Il y avait dans cette approche un brin de réalisme très contextuel. Celui du type qui sait qu’il n’en a plus pour bien longtemps à supporter un travers quelconque de son entourage. Mais un peu également de sa propre sagesse intuitive, celle qui lui dictait depuis longtemps qu’il fallait parfois laisser tomber, que dans la vie, tous les moulins croisés ne valaient pas forcément l’énergie perdue à se les farcir…

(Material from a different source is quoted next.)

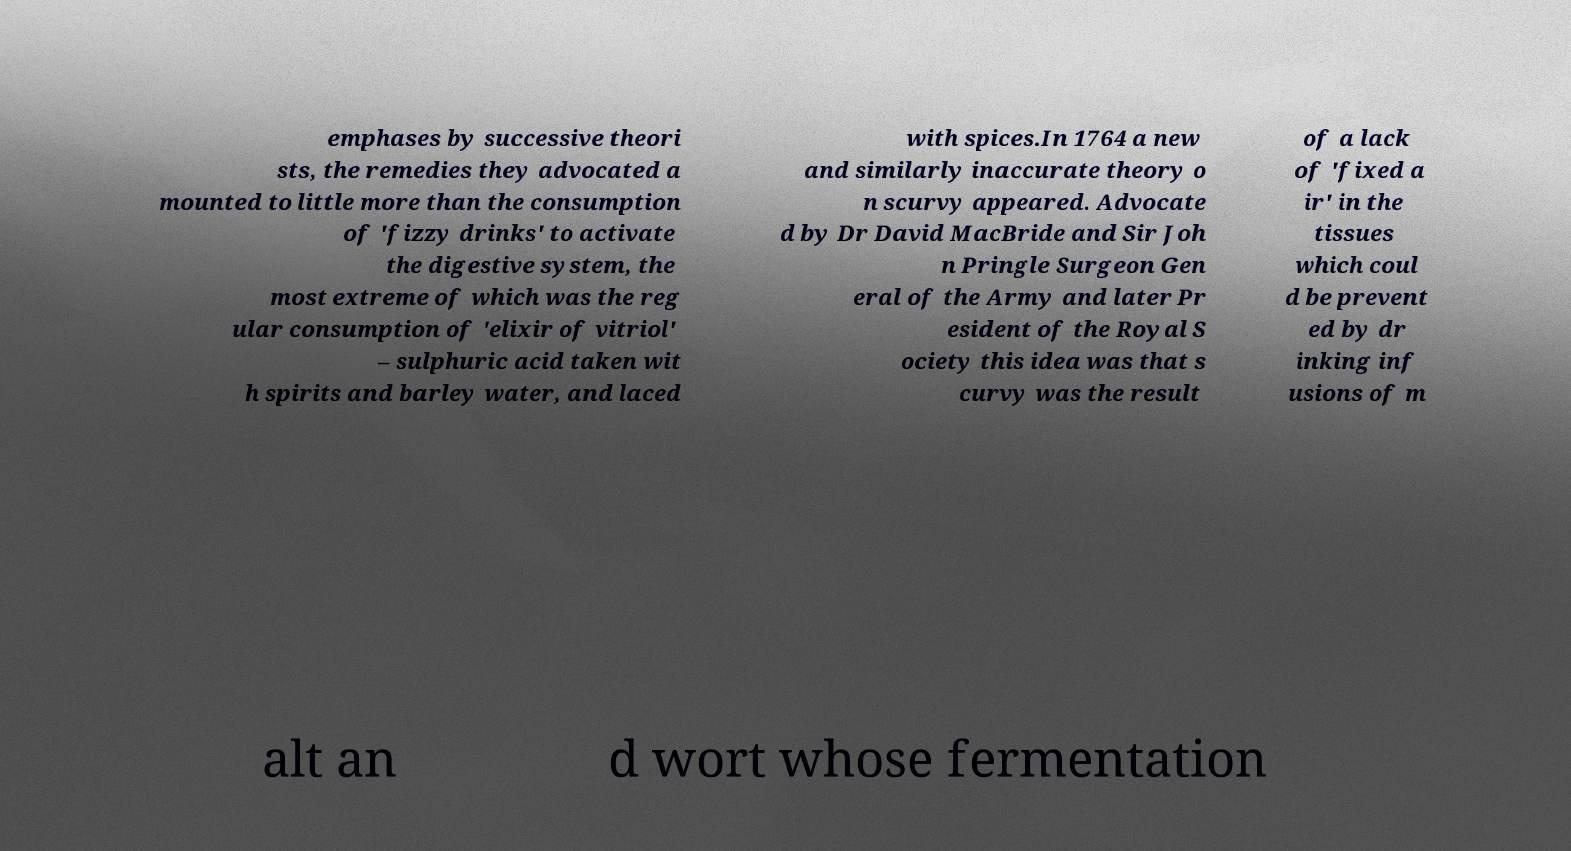What messages or text are displayed in this image? I need them in a readable, typed format. emphases by successive theori sts, the remedies they advocated a mounted to little more than the consumption of 'fizzy drinks' to activate the digestive system, the most extreme of which was the reg ular consumption of 'elixir of vitriol' – sulphuric acid taken wit h spirits and barley water, and laced with spices.In 1764 a new and similarly inaccurate theory o n scurvy appeared. Advocate d by Dr David MacBride and Sir Joh n Pringle Surgeon Gen eral of the Army and later Pr esident of the Royal S ociety this idea was that s curvy was the result of a lack of 'fixed a ir' in the tissues which coul d be prevent ed by dr inking inf usions of m alt an d wort whose fermentation

Et puis, rajouta-t-il intérieurement, mon roman retenu au premier envoi par Gallimard alors que ses poèmes lui sont retournés depuis des lustres, même par les plus obscures revues underground. Typiquement un truc à déclencher de l’aigreur ou une jalousie quelconque au premier venu. Qu’il soit ou non le meilleur des hommes…

Mais, quelle que puisse être l’origine du silence de Scolari, les absences et sautes d’humeur de son Capitaine ne seraient bientôt plus un problème pour le jeune marseillais. Deux heures tout au plus et il débarquerait, définitivement cette fois.

Il débarquerait et lorsque son pied droit serait sur le quai, il laisserait symboliquement à d’autres la mer et les voyages aux horizons multiples qu’elle impose. Sans le moindre état d’âme, soit dit en passant. Et le temps de remplir les formalités portuaires dans les bureaux de la Capitainerie, une fois écoulées les minutes, les dernières, consacrées à son devoir de second, il filerait au Panier rejoindre Sirine.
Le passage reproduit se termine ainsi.